There was a story on HAD a couple of months ago, about a team who’ve got an RFID tag to power a keypad, 12 buttons, entirely passively. There aren’t even any real “components”, it’s all just printed foil on a backing, producing the necessary resonant pieces. The keypad is capacitive buttons, ie only one contact per key. And just this elaborate piece of foil is enough to perturb RFID waves in such a way that the pad can be read from a reasonable distance, with several uniquely identifiable units.
Actually it might be Wifi and not RFID now I think…
https://hackaday.com/2018/09/19/touch-anything-and-everything/
It was Wifi! Still dead clever, and a similar principle.
And how does car tire pressure sensors work? I have not looked into that, but I’ve always assumed it was related to rfid.
There’s a radio on the back side of the valve. Battery will last a dozen years or so.
Cheaper units (cars) used the ABS system by measuring the rotation of the wheels/tyres. A tire/tyre low on air pressure will turn a bit slower than the others. But the main drawbacks of that system, are that it only works while the car is moving, and it doesn’t work (as well?) if more than one tyre/tire is low in pressure.
A lower pressure tire has a smaller effective radius. This means it has to turn faster.
There’s some good TPMS-decoding software for the RTLSDR and similar radios. Check out the “background” section of this page: https://github.com/jboone/tpms and watch the linked videos.

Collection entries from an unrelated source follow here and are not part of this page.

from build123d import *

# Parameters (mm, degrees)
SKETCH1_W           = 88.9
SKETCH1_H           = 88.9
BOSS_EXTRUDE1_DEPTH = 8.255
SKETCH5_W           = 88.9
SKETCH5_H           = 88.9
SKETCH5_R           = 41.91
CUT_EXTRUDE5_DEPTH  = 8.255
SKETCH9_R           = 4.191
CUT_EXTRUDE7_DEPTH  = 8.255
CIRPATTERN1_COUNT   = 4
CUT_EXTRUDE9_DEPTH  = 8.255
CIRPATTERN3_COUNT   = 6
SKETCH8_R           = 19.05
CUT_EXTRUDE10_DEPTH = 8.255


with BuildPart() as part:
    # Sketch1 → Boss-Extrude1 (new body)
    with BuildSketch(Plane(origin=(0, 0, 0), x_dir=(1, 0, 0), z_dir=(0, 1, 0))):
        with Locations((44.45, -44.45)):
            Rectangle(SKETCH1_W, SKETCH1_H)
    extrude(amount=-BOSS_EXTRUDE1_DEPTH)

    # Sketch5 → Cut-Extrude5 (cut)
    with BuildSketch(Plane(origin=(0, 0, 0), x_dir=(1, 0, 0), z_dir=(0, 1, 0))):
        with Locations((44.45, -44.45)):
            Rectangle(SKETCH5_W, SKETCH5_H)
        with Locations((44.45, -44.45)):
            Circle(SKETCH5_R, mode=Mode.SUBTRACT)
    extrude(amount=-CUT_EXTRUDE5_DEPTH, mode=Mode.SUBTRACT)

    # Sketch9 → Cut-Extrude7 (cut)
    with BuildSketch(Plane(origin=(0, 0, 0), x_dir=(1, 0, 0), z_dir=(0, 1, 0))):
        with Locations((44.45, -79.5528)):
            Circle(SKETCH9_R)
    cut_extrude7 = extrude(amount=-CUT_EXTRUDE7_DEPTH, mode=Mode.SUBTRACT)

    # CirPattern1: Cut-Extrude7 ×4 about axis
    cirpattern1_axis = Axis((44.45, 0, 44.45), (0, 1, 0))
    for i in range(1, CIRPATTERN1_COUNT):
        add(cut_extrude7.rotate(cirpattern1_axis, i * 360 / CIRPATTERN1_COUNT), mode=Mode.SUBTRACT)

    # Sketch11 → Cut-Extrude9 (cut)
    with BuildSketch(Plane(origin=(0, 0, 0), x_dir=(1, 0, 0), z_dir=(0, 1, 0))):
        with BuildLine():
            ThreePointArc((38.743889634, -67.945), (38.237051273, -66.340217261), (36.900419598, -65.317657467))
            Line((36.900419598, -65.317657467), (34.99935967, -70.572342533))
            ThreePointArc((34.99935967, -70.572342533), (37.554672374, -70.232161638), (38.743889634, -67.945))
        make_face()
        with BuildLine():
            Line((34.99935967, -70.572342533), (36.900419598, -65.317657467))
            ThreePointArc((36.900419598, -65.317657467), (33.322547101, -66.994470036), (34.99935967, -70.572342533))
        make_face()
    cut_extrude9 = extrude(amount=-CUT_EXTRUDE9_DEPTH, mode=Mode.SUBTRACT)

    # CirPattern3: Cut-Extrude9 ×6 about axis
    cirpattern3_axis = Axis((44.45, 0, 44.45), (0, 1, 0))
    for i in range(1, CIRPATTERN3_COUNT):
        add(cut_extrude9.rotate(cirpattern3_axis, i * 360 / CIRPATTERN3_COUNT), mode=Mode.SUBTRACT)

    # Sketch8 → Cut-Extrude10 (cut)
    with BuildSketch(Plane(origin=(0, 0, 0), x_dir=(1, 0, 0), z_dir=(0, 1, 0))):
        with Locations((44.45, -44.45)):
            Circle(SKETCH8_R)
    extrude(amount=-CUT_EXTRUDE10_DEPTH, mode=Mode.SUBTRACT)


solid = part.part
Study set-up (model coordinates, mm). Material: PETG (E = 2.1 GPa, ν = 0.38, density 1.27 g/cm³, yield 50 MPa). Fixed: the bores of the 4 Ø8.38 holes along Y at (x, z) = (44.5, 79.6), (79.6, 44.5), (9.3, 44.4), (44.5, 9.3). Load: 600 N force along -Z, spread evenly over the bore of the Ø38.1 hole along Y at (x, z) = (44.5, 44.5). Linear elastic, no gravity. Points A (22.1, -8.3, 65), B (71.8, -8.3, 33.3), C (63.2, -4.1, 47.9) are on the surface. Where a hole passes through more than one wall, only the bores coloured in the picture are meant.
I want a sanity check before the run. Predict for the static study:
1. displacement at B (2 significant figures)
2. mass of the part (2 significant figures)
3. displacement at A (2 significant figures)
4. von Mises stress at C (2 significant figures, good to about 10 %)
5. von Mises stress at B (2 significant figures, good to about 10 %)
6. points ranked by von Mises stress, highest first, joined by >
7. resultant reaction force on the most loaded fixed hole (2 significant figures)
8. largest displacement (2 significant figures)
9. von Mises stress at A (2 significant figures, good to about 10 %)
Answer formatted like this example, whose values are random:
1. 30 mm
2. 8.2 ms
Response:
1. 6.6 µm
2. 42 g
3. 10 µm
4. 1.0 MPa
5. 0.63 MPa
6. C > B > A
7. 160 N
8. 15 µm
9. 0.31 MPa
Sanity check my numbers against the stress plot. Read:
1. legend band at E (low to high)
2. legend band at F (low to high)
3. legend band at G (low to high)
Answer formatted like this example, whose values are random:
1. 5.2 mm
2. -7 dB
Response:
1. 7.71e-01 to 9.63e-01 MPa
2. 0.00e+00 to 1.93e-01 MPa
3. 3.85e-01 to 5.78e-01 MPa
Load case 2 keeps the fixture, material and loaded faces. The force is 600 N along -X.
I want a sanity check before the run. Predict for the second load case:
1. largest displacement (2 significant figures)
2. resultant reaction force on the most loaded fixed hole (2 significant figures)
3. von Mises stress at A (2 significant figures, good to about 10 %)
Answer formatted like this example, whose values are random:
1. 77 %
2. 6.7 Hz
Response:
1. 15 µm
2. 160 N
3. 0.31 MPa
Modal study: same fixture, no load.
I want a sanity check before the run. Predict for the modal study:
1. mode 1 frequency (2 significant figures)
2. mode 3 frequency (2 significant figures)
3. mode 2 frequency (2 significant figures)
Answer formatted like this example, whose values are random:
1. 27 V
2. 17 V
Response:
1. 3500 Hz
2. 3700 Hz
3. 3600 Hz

There exists CPUs powered by NFC like the LPC8N04, NHS3100 or NHS3152 that might be appropriate for that kind of application. My patch to support them on OpenOCD was just merged last week: http://openocd.zylin.com/#/c/4515/
The Windows SDK is a gigantic bloatware, but it’s possible to grab from it the minimum of BSP files to efficiently compile on Linux with a make.
I developed a pressure and temperature sensor for purposes such as this – readable and powerable from an NFC-enabled phone. The sensing capabilities are extensible to flow, light, sound, or really any sensor that draws less than 1 mA. We’re currently working with various companies to bring it to market: https://hackaday.io/project/7077-no-battery-nfc-air-pressure-sensor
is there a flow sensor, which can measure water flow inside a steel pipe without obstructing the water flow (gravitational flow)?

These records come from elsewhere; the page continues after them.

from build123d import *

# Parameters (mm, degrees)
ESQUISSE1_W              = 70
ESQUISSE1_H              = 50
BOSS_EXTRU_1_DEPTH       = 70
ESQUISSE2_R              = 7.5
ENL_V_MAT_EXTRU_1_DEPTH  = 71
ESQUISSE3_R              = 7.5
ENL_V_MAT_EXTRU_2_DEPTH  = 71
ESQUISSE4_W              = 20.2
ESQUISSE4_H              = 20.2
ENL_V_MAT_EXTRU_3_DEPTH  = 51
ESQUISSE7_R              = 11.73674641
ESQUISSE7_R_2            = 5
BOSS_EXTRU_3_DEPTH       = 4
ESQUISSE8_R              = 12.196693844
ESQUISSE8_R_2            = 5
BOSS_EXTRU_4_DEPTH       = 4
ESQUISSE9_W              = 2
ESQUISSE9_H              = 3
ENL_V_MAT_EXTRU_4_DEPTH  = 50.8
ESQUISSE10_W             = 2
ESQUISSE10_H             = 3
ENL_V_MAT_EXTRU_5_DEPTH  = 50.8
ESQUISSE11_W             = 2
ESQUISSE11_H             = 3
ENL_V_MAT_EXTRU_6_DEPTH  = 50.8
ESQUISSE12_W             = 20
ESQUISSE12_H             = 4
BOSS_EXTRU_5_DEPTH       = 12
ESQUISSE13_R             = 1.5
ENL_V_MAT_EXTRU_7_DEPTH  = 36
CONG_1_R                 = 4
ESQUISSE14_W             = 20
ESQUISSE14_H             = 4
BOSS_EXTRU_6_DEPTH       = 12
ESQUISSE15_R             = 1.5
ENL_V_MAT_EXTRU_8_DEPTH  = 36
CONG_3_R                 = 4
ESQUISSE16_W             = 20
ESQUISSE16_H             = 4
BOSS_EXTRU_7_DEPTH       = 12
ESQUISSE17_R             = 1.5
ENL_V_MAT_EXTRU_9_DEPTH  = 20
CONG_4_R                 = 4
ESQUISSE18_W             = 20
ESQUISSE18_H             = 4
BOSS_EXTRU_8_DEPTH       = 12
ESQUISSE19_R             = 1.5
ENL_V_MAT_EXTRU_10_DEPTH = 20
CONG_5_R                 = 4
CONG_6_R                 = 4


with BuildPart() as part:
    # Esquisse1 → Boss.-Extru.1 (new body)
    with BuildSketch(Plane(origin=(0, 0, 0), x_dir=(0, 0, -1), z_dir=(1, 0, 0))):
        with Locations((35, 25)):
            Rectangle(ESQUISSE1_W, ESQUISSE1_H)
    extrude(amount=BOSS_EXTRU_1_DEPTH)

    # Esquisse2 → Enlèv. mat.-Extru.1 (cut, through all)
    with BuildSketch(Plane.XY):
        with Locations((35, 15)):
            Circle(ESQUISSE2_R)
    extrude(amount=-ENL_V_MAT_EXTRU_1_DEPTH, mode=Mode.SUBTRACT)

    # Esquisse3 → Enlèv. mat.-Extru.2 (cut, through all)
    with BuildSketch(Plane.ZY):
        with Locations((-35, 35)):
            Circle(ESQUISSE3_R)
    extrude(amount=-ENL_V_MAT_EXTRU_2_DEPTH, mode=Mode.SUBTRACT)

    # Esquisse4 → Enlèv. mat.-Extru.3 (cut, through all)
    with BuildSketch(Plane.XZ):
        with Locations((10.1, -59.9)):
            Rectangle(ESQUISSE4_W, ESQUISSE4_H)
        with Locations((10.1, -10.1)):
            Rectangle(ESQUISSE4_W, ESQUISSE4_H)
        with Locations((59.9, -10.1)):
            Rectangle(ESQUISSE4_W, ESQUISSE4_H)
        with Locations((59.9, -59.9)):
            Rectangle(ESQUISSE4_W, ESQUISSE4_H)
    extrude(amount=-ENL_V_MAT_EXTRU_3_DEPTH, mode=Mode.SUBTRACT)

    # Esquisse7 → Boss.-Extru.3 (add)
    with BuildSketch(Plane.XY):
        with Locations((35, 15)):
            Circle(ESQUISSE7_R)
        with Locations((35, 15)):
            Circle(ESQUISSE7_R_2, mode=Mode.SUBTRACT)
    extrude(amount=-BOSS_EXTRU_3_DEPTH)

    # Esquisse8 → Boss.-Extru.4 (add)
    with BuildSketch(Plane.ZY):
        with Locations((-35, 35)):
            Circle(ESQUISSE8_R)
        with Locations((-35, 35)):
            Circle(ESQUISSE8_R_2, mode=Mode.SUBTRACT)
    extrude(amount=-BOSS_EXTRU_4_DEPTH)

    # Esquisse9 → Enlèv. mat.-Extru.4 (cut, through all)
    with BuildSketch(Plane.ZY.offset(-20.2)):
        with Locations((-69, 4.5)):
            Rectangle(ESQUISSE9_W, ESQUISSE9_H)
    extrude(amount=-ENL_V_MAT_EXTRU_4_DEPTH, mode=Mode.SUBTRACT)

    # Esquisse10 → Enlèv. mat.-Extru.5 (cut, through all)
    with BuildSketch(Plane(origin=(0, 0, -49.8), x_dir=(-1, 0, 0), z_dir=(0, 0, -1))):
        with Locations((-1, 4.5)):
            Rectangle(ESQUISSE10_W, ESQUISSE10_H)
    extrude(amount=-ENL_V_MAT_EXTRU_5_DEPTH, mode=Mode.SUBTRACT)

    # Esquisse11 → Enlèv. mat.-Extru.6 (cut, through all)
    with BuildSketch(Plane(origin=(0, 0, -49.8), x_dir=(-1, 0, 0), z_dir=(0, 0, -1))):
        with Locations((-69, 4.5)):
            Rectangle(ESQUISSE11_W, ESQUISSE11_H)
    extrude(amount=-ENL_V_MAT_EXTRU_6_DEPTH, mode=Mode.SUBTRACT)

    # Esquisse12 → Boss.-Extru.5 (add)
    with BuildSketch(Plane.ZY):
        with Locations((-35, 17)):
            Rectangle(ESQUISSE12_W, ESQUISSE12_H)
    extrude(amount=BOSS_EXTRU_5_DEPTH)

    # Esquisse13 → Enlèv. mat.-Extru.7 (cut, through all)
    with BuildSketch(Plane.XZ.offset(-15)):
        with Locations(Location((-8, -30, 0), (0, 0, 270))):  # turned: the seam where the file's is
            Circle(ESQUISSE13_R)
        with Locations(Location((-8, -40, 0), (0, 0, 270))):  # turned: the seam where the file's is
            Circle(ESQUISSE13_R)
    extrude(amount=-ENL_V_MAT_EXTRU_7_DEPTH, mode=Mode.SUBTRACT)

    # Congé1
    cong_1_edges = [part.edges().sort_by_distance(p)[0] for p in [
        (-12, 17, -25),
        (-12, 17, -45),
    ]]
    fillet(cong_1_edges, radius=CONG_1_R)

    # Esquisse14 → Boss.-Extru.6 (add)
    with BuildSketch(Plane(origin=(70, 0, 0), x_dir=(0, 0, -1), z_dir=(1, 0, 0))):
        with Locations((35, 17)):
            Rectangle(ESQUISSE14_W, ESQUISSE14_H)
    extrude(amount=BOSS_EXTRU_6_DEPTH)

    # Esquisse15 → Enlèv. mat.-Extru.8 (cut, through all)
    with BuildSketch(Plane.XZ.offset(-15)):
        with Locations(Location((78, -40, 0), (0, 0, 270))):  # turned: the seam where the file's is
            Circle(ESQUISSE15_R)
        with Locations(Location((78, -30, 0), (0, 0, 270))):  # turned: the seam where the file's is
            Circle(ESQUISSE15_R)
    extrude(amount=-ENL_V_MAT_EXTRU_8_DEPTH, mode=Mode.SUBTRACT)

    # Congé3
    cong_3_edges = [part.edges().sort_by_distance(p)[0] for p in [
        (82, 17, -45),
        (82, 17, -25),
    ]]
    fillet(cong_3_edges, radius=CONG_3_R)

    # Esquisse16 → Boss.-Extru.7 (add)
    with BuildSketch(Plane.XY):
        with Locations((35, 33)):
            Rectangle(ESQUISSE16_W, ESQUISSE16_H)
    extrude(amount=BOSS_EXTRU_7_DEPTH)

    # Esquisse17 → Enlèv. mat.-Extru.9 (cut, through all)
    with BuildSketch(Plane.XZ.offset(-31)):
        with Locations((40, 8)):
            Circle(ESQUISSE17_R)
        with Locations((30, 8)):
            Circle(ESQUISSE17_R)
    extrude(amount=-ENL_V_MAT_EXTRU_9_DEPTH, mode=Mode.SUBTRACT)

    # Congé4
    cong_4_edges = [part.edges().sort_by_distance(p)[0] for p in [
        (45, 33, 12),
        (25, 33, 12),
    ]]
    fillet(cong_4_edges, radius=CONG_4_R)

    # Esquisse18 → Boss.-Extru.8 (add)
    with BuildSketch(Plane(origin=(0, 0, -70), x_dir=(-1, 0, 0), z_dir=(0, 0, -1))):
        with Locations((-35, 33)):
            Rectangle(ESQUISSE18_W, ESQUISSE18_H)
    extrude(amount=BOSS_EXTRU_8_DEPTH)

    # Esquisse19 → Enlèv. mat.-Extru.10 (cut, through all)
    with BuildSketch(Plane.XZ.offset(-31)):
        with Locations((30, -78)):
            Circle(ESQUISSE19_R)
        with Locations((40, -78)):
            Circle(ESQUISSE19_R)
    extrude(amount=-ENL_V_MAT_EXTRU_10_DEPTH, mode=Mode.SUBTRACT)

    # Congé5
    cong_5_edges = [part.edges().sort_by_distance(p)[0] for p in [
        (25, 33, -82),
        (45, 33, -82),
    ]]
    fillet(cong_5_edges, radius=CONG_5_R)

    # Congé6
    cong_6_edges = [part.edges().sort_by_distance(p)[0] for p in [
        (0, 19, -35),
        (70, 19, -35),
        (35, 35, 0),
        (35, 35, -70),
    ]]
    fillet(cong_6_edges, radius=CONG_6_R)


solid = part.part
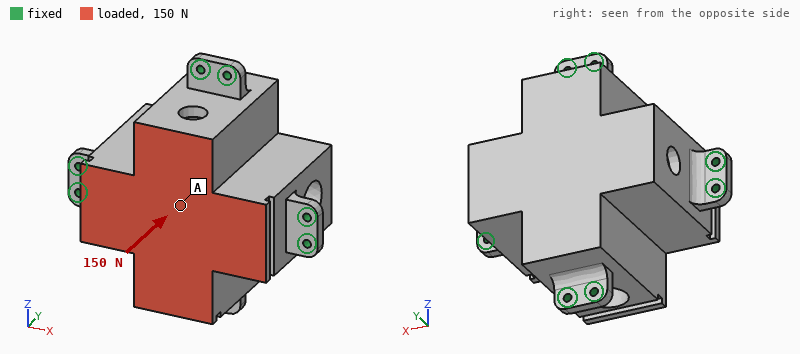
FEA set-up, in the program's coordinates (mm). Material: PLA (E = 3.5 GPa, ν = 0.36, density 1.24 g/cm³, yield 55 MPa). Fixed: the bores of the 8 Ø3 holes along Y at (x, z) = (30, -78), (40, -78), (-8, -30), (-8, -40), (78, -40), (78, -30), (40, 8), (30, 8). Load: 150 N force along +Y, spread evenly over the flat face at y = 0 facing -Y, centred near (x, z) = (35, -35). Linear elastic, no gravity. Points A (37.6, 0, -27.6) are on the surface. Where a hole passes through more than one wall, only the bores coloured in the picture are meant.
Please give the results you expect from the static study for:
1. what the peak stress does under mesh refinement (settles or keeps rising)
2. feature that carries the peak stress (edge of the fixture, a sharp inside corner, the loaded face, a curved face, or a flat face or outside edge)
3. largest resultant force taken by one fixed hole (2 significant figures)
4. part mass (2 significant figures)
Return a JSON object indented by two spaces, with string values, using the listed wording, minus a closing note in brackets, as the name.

{
  "what the peak stress does under mesh refinement": "keeps rising",
  "feature that carries the peak stress": "edge of the fixture",
  "largest resultant force taken by one fixed hole": "19 N",
  "part mass": "180 g"
}
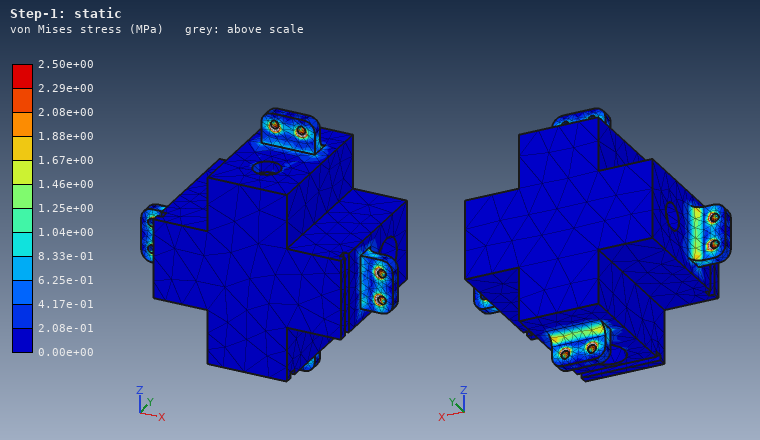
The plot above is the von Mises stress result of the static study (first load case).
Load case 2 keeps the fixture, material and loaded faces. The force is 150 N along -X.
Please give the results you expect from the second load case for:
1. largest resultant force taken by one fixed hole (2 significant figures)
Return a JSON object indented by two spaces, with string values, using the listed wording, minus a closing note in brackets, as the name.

{
  "largest resultant force taken by one fixed hole": "39 N"
}
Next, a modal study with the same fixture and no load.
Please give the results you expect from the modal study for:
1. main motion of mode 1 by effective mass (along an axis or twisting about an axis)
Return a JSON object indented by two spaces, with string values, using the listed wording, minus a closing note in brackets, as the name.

{
  "main motion of mode 1 by effective mass": "along Y"
}

Ultrasonic flow sensors don’t obstruct the flow.
Not according to Heisenberg!
B^)
Ultrasonic is good. Magnetic flow meters also won’t obstruct flow, but the working fluid needs to be conductive. None of these are really low power though. For low power, I think a differential pressure measurement would be best, but that obviously is going to restrict the flow.
Yeah, but if you have nice enough pressure sensors, you can just install them a few feet away from each other on the existing plumbing, and measure the pressure drop that was already deemed acceptable when the system was built with that plumbing in the first place.
It’s like tapping either end of a power wire and treating it as an ammeter shunt — calibration takes a moment (and varies a bit with temperature), but you can claim zero shunt losses.
Seems stretch sensors would be better. Installed during manufacture at proper pressure, and could detect over, and under inflation since they’re both deviations from the norm.
https://softroboticstoolkit.com/stretchsense
Many pressure sensors work in that way. You have a sealed chamber at a certain pressure, with a hole on it. Across the hole is a membrane that measures stretch. The sensed pressure is on the other side from the pressurised chamber, so ballooning and stretching the membrane. So a pressure sensor is often just a stretch sensor + a known pressure.